We build 2 Random Forest Regression models using Out-of-bag (OOB) method and 10-fold Cross Validation. Both models are evaluated by minimising Mean Absolute Error (MAE). Their performances across various criteria are compared against each other.

`CatBoost.ipynb`

This file utilises the Catboost gradient boosting algorithm to train the cleaned, normalised, and one-hot encoded data from `data_sklearn_models` before testing on the 2024 data. Following training, evaluation and analysis of model performance is conducted.

`gnnwr.ipynb`

This model uses incorporates geospatial features (latitude, longitude) using neural networks.

`lstm.ipynb`

We first prepare the data for model training by performing necessary preprocessing steps and splitting it into distinct sets for training, validation, and testing purposes.
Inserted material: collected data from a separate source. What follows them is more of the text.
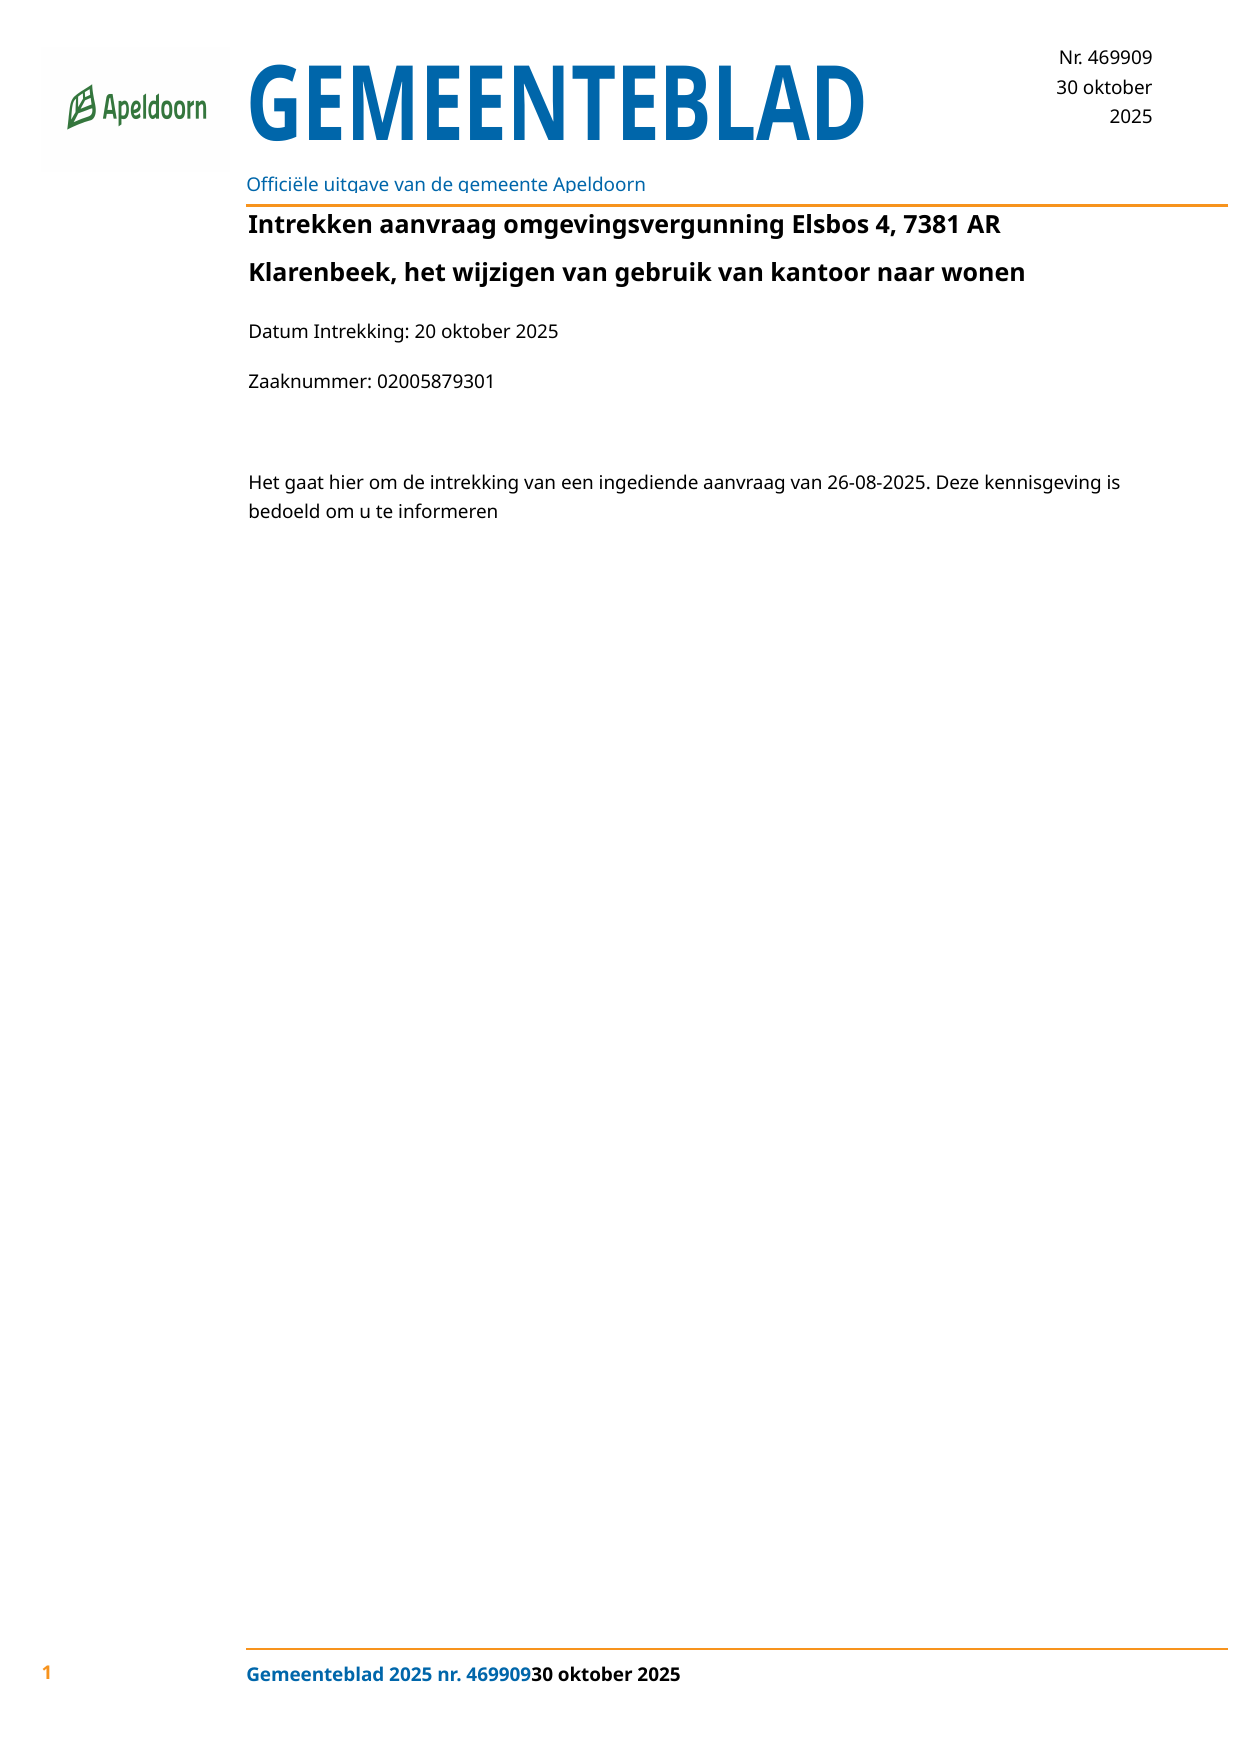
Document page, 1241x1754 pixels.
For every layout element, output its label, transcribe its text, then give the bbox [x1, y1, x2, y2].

text Intrekken aanvraag omgevingsvergunning Elsbos 4, 7381 AR Klarenbeek, het wijzigen van gebruik van kantoor naar wonen [248, 207, 1152, 288]
text Datum Intrekking: 20 oktober 2025 [248, 318, 1152, 344]
picture [41, 47, 231, 172]
text Het gaat hier om de intrekking van een ingediende aanvraag van 26-08-2025. Deze kennisgeving is bedoeld om u te informeren [248, 469, 1152, 524]
text Zaaknummer: 02005879301 [248, 368, 1152, 394]
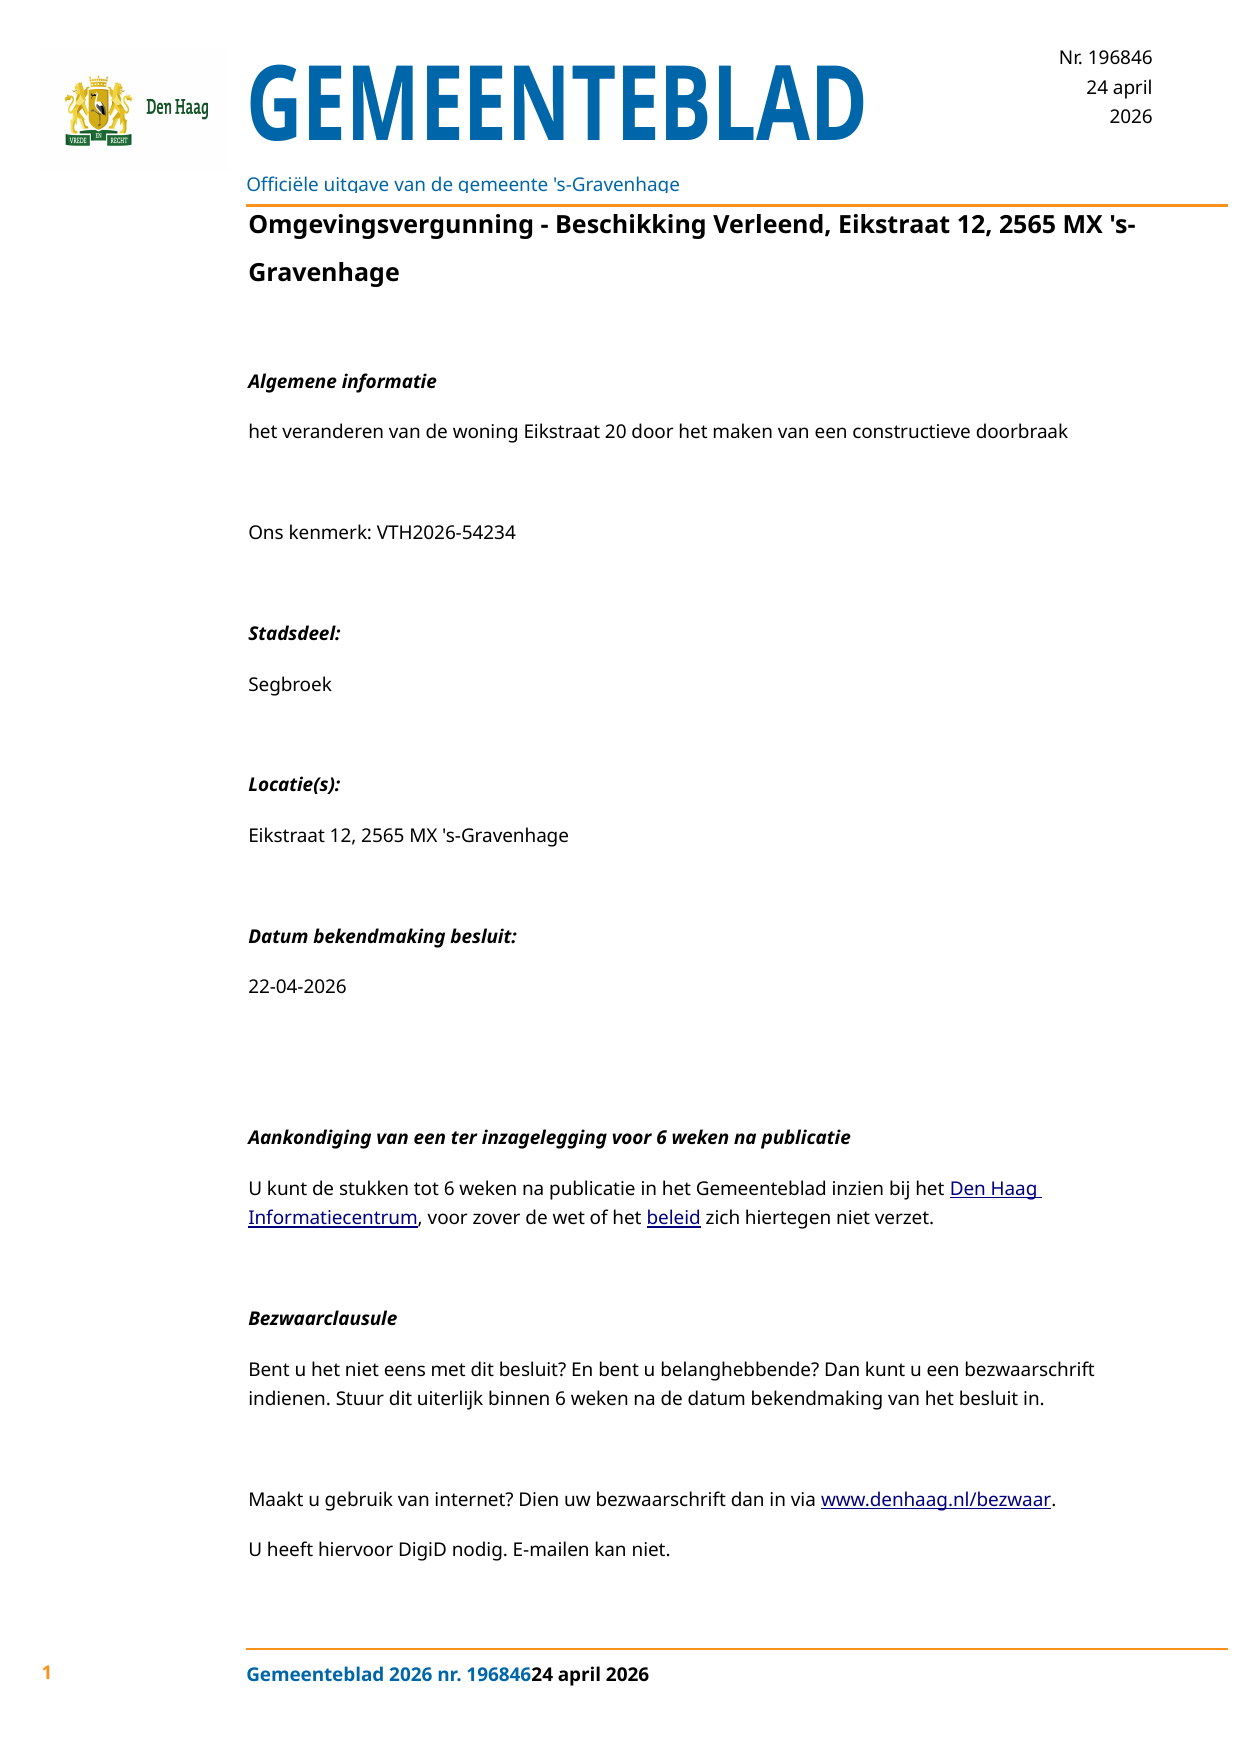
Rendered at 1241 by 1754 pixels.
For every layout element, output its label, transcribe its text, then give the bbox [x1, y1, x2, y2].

text Ons kenmerk: VTH2026-54234 [248, 519, 1152, 545]
text Stadsdeel: [248, 620, 1152, 646]
text Segbroek [248, 671, 1152, 697]
text het veranderen van de woning Eikstraat 20 door het maken van een constructieve doorbraak [248, 419, 1152, 444]
text Omgevingsvergunning - Beschikking Verleend, Eikstraat 12, 2565 MX 's-Gravenhage [248, 207, 1152, 288]
text U kunt de stukken tot 6 weken na publicatie in het Gemeenteblad inzien bij het Den Haag Informatiecentrum, voor zover de wet of het beleid zich hiertegen niet verzet. [248, 1175, 1152, 1230]
text Locatie(s): [248, 772, 1152, 797]
text 22-04-2026 [248, 973, 1152, 999]
text Aankondiging van een ter inzagelegging voor 6 weken na publicatie [248, 1124, 1152, 1150]
text U heeft hiervoor DigiD nodig. E-mailen kan niet. [248, 1537, 1152, 1562]
text Bezwaarclausule [248, 1305, 1152, 1331]
text Maakt u gebruik van internet? Dien uw bezwaarschrift dan in via www.denhaag.nl/bezwaar. [248, 1486, 1152, 1512]
text Bent u het niet eens met dit besluit? En bent u belanghebbende? Dan kunt u een bezwaarschrift indienen. Stuur dit uiterlijk binnen 6 weken na de datum bekendmaking van het besluit in. [248, 1356, 1152, 1411]
text Datum bekendmaking besluit: [248, 923, 1152, 949]
text Eikstraat 12, 2565 MX 's-Gravenhage [248, 822, 1152, 848]
picture [41, 47, 231, 172]
text Algemene informatie [248, 368, 1152, 394]

We then train and evaluate the Long Short-Term Memory (LSTM) neural network model.

**Properties**:
- An LSTM model with three layers and dropout regularization is used to capture temporal dependencies.
- Uses the Adam optimizer and mean squared error loss function for regression tasks.
- Overfitting is prevented with early stopping, monitoring validation loss with a patience of 5.
- The model is trained for 100 epochs with a batch size of 32, with performance evaluated on the validation set to prevent overfitting.